[Opening Data listing section]

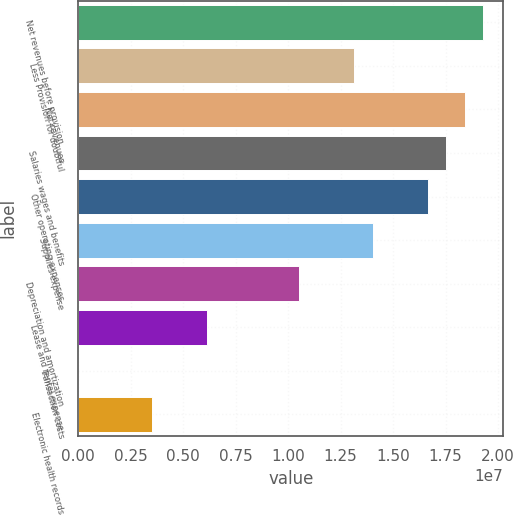<chart> <loc_0><loc_0><loc_500><loc_500><bar_chart><fcel>Net revenues before provision<fcel>Less Provision for doubtful<fcel>Net revenues<fcel>Salaries wages and benefits<fcel>Other operating expenses<fcel>Supplies expense<fcel>Depreciation and amortization<fcel>Lease and rental expense<fcel>Transaction costs<fcel>Electronic health records<nl><fcel>1.92815e+07<fcel>1.31465e+07<fcel>1.8405e+07<fcel>1.75286e+07<fcel>1.66522e+07<fcel>1.40229e+07<fcel>1.05172e+07<fcel>6.13502e+06<fcel>3.6<fcel>3.50573e+06<nl></chart> 
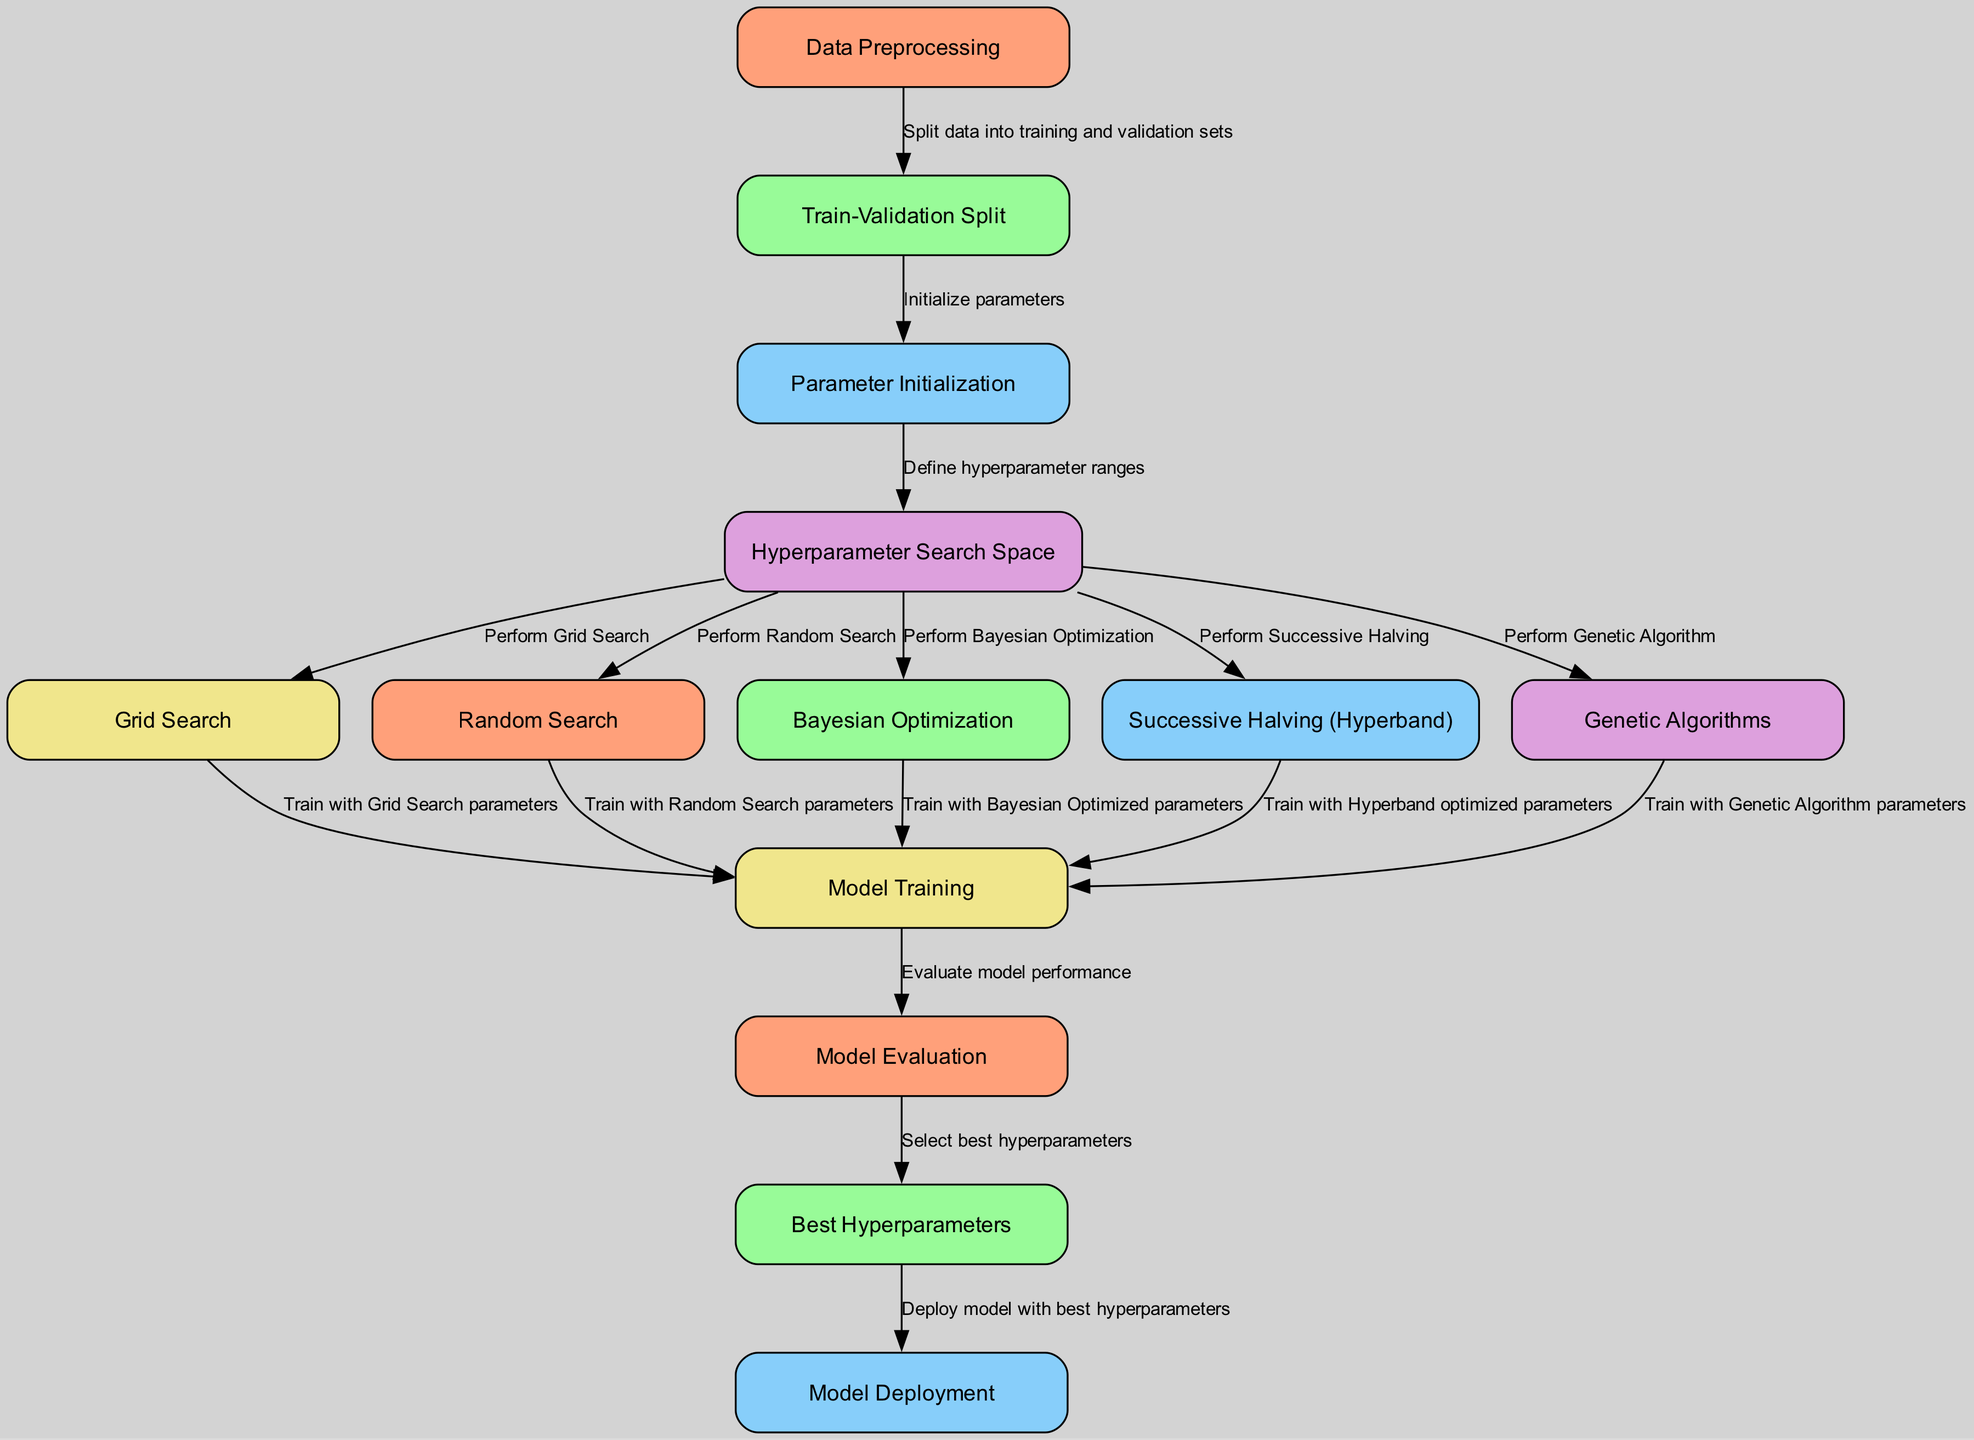What is the starting point of the diagram? The starting point of the diagram is "Data Preprocessing". This is the first node listed in the data, indicating that it is where the process begins.
Answer: Data Preprocessing How many hyperparameter optimization methods are shown in the diagram? The diagram includes five hyperparameter optimization methods: Grid Search, Random Search, Bayesian Optimization, Successive Halving (Hyperband), and Genetic Algorithms. Counting these methods gives a total of five.
Answer: Five What follows after "Model Evaluation"? After "Model Evaluation", the next step in the diagram is "Select best hyperparameters", indicating the action taken with the evaluation results.
Answer: Select best hyperparameters Which nodes are connected to "Hyperparameter Search Space"? The nodes connected to "Hyperparameter Search Space" are Grid Search, Random Search, Bayesian Optimization, Successive Halving (Hyperband), and Genetic Algorithms. This shows that various optimization techniques stem from defining the search space.
Answer: Grid Search, Random Search, Bayesian Optimization, Successive Halving (Hyperband), Genetic Algorithms What is the final step in the diagram? The final step in the diagram is "Deploy model with best hyperparameters", indicating that after selecting the best parameters, the model is prepared for deployment.
Answer: Deploy model with best hyperparameters What is the relationship between "Train-Validation Split" and "Parameter Initialization"? The relationship is that "Train-Validation Split" precedes "Parameter Initialization". This indicates that the data must first be split into training and validation sets before any parameters can be initialized for model training.
Answer: "Train-Validation Split" precedes "Parameter Initialization" Which two optimization methods involve randomness in their process? The two optimization methods that involve randomness are "Random Search" and "Genetic Algorithms". Both techniques incorporate stochastic processes in their search for optimal hyperparameters.
Answer: Random Search, Genetic Algorithms How many steps are there from "Model Training" to "Model Deployment"? There are two steps from "Model Training" to "Model Deployment". After training the model, it undergoes evaluation, followed by the selection of the best hyperparameters before deployment.
Answer: Two steps 
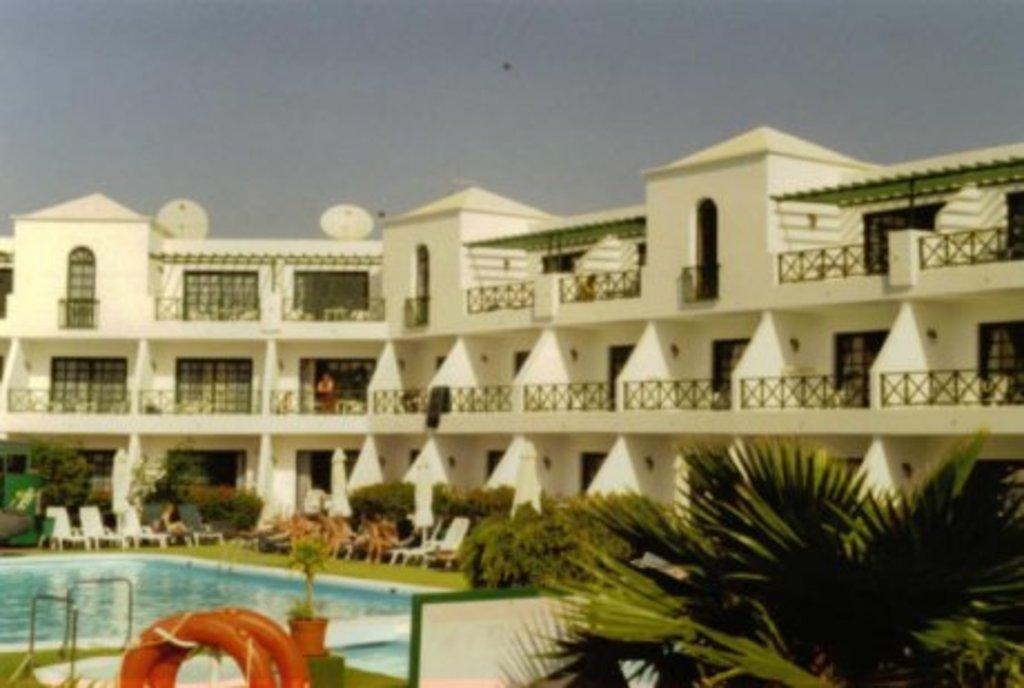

[Closing Data listing section]

## Work request
From the line containing "for optimal hyperparameters." to the final line above, both included, transcribe every line exactly and leave all pictures out.

## Exercise response
Answer: "Train-Validation Split" precedes "Parameter Initialization" Which two optimization methods involve randomness in their process? The two optimization methods that involve randomness are "Random Search" and "Genetic Algorithms". Both techniques incorporate stochastic processes in their search for optimal hyperparameters.
Answer: Random Search, Genetic Algorithms How many steps are there from "Model Training" to "Model Deployment"? There are two steps from "Model Training" to "Model Deployment". After training the model, it undergoes evaluation, followed by the selection of the best hyperparameters before deployment.
Answer: Two steps 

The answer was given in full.